_Data for the task:_

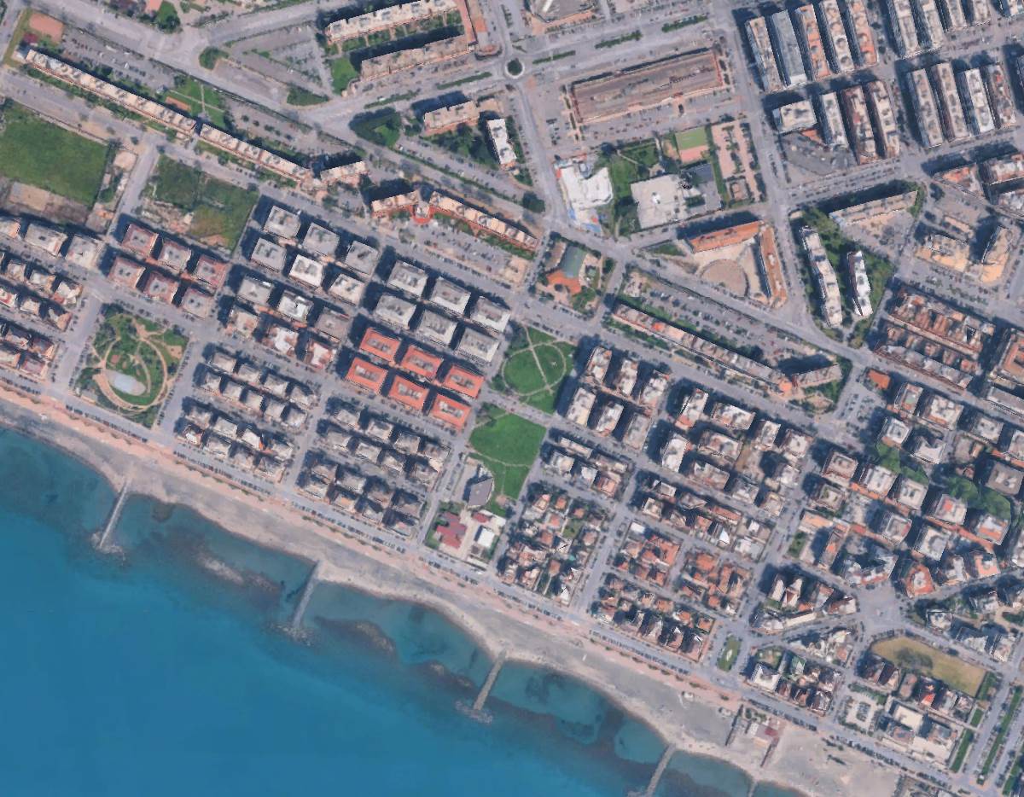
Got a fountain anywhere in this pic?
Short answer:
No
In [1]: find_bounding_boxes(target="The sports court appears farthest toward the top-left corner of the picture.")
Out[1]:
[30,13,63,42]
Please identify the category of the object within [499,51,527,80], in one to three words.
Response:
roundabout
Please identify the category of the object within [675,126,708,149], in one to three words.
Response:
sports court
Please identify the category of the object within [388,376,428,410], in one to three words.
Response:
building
* * *
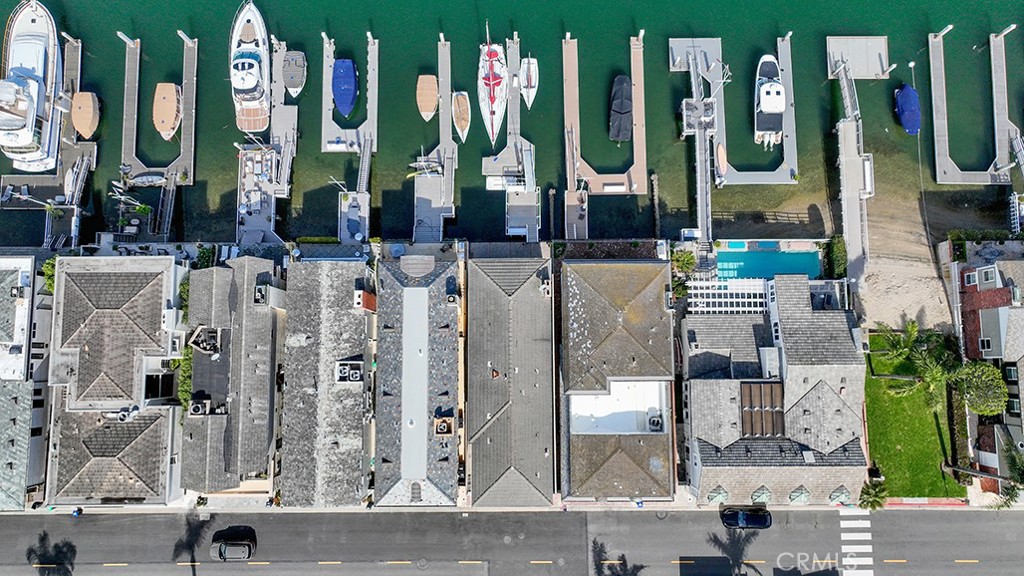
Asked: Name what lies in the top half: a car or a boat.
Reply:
---
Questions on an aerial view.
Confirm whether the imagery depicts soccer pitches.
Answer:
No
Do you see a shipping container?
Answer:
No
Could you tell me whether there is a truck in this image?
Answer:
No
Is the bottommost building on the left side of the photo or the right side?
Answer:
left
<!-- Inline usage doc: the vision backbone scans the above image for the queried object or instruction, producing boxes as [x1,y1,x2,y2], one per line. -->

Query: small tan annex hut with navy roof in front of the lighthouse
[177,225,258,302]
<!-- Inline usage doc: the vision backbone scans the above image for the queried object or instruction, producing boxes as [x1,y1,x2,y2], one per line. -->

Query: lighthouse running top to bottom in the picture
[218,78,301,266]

_What is being asked:_ In the records above, find each line that mentions the string "category", then copy it.

_Expected answer:_
Please identify the category of the object within [499,51,527,80], in one to three words.
Please identify the category of the object within [675,126,708,149], in one to three words.
Please identify the category of the object within [388,376,428,410], in one to three words.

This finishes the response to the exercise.